START The data

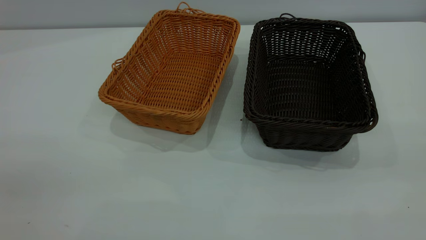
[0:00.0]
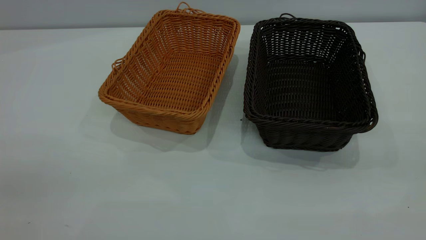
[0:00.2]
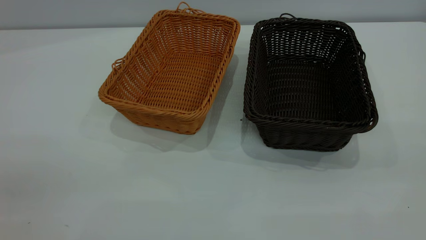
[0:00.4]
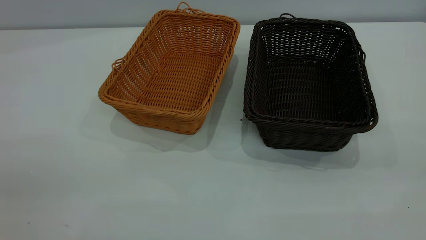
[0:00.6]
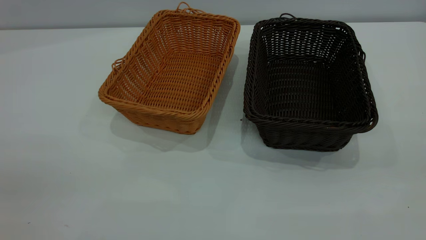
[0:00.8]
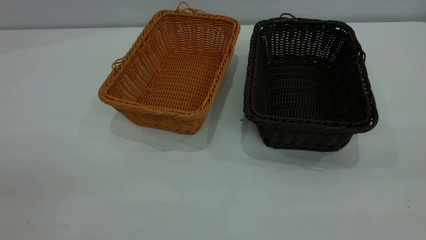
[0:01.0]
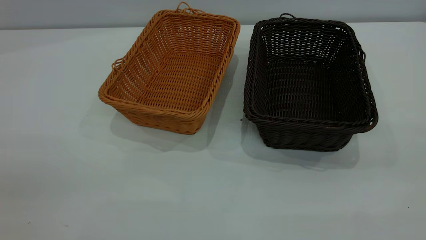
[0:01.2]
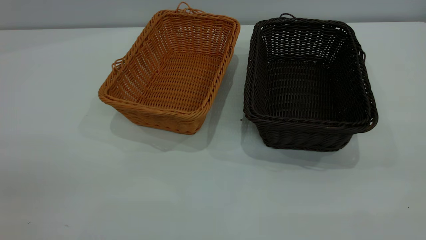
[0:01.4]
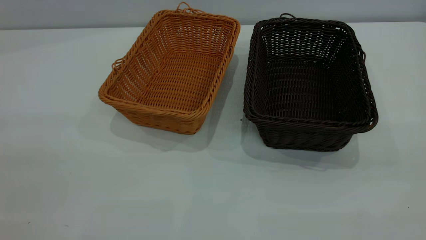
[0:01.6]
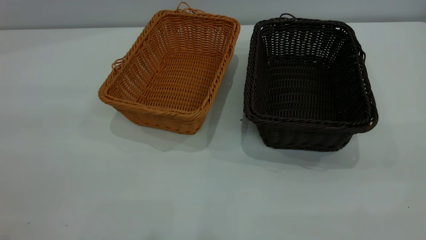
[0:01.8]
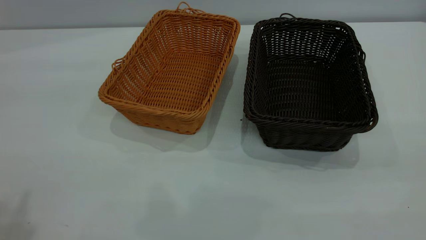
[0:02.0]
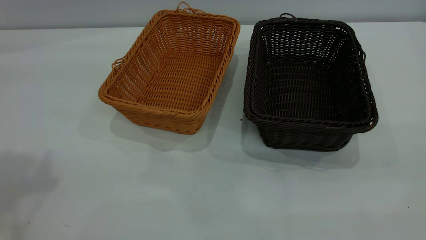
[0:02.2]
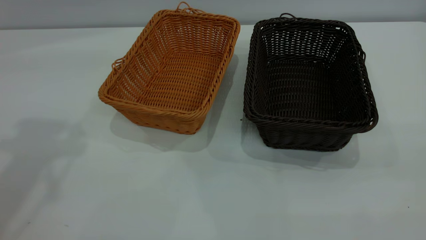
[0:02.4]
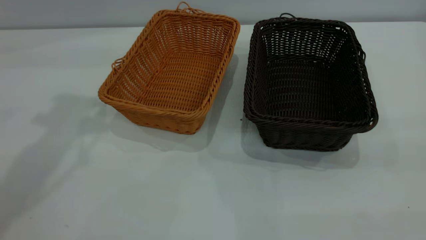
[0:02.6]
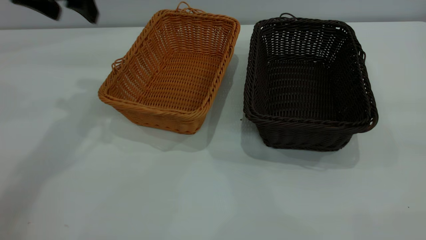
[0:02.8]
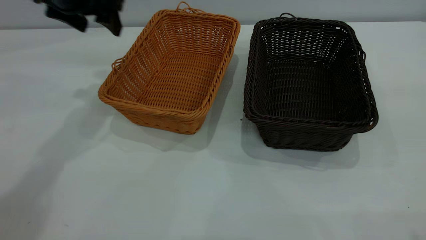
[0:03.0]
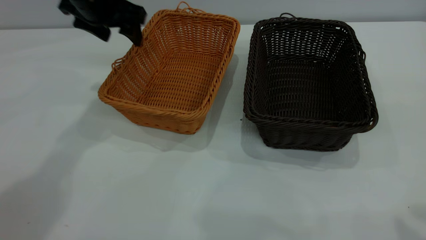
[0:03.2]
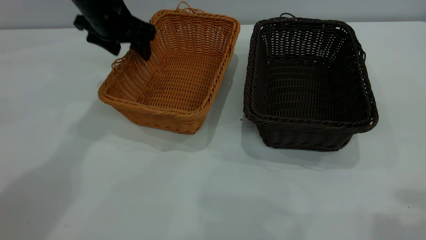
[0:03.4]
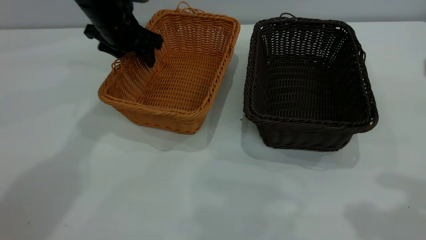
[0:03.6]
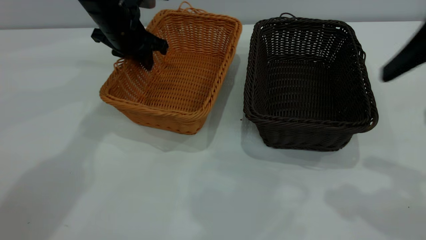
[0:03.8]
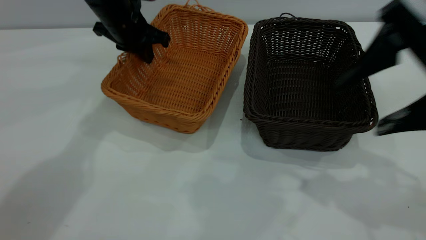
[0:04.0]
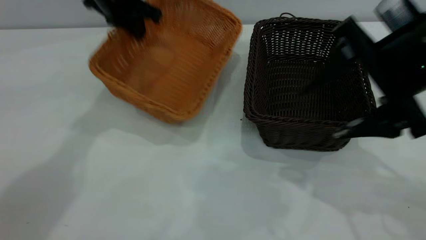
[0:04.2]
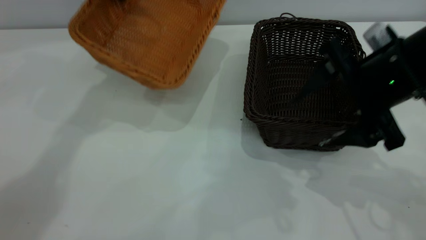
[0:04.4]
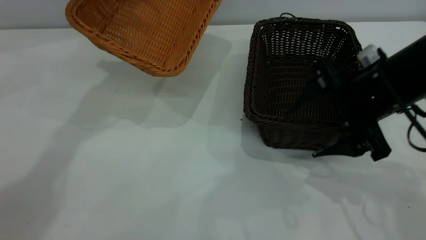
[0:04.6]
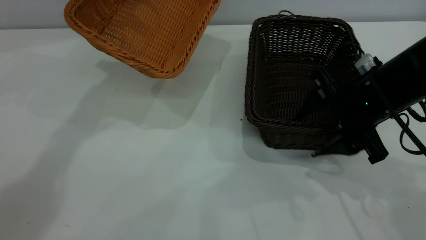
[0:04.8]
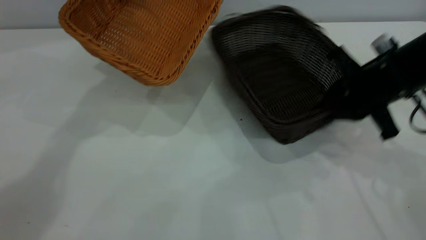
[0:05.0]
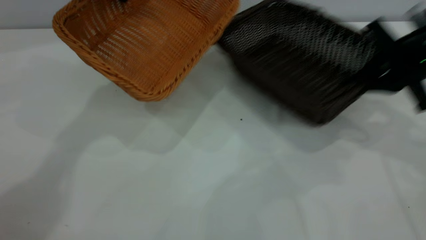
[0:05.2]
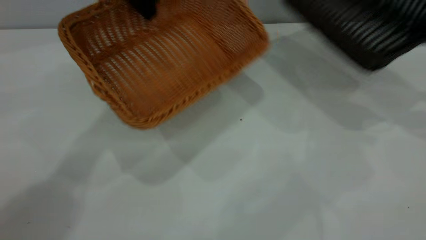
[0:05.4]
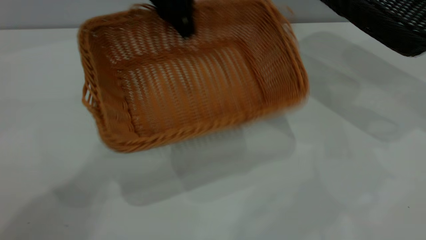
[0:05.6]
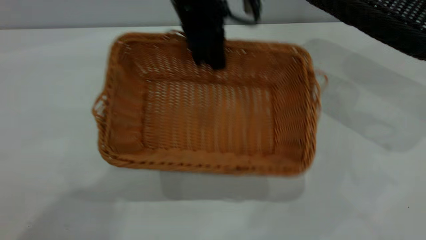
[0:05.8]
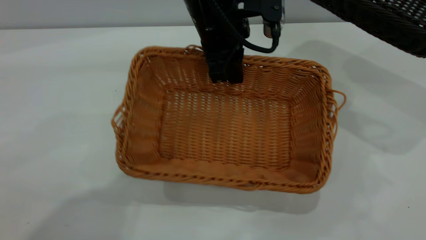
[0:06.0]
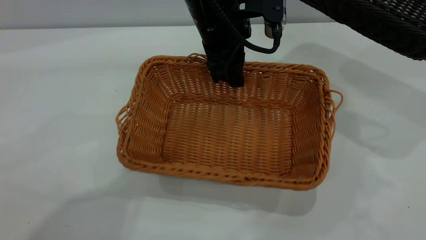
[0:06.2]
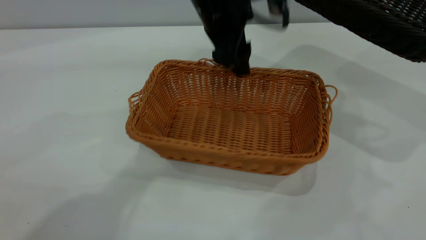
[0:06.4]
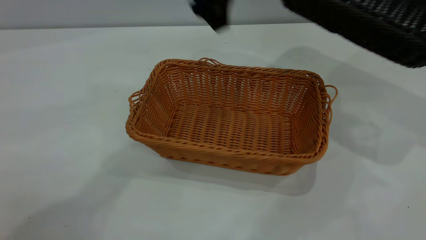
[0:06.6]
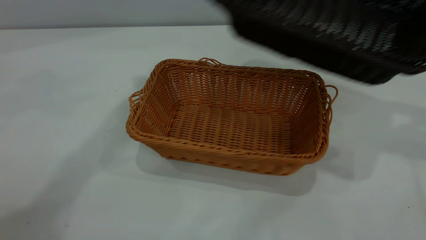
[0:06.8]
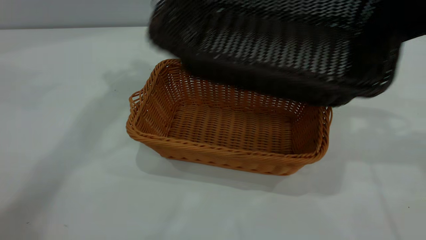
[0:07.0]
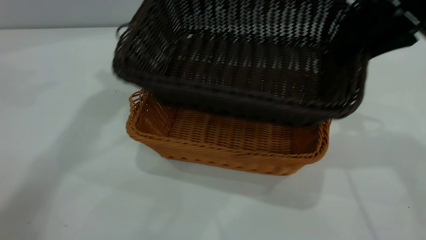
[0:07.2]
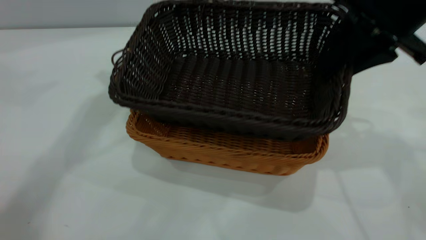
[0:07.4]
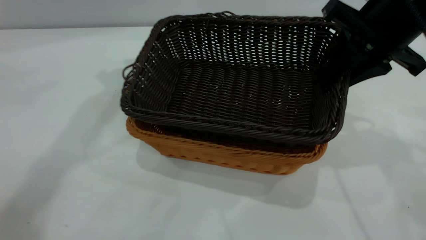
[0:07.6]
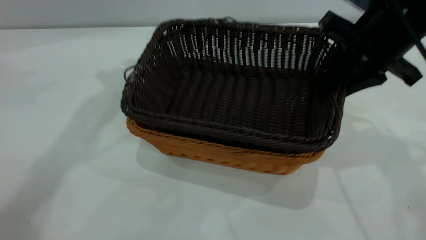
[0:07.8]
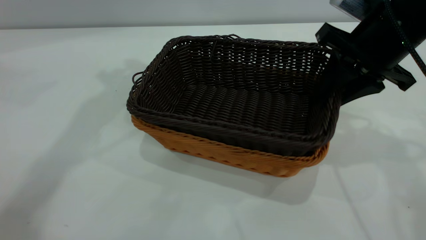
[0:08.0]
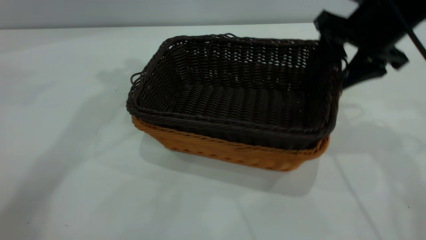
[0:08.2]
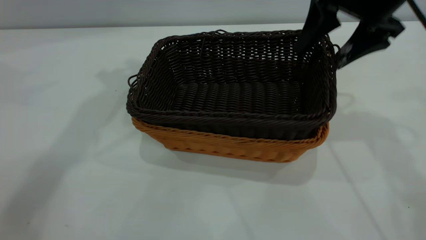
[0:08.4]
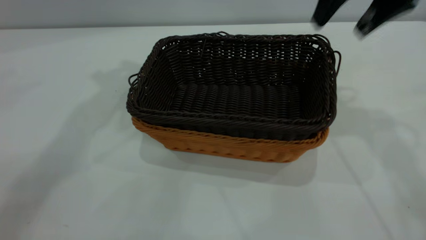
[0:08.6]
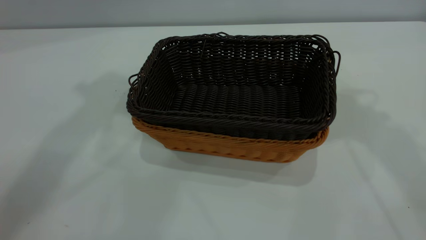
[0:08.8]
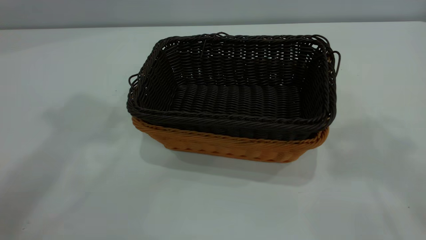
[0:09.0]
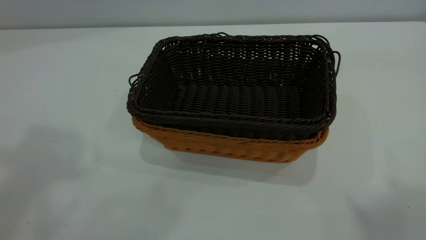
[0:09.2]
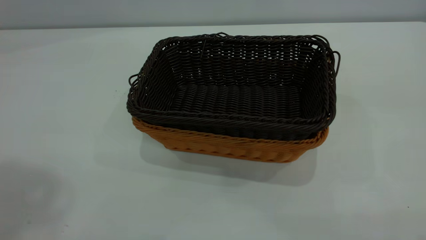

END The data

Work request
If an entry holds an image, omit that image and print the remainder exactly as it stands.

Task result
[0:00.0]
[0:00.2]
[0:00.4]
[0:00.6]
[0:00.8]
[0:01.0]
[0:01.2]
[0:01.4]
[0:01.6]
[0:01.8]
[0:02.0]
[0:02.2]
[0:02.4]
[0:02.6]
[0:02.8]
[0:03.0]
[0:03.2]
[0:03.4]
[0:03.6]
[0:03.8]
[0:04.0]
[0:04.2]
[0:04.4]
[0:04.6]
[0:04.8]
[0:05.0]
[0:05.2]
[0:05.4]
[0:05.6]
[0:05.8]
[0:06.0]
[0:06.2]
[0:06.4]
[0:06.6]
[0:06.8]
[0:07.0]
[0:07.2]
[0:07.4]
[0:07.6]
[0:07.8]
[0:08.0]
[0:08.2]
[0:08.4]
[0:08.6]
[0:08.8]
[0:09.0]
[0:09.2]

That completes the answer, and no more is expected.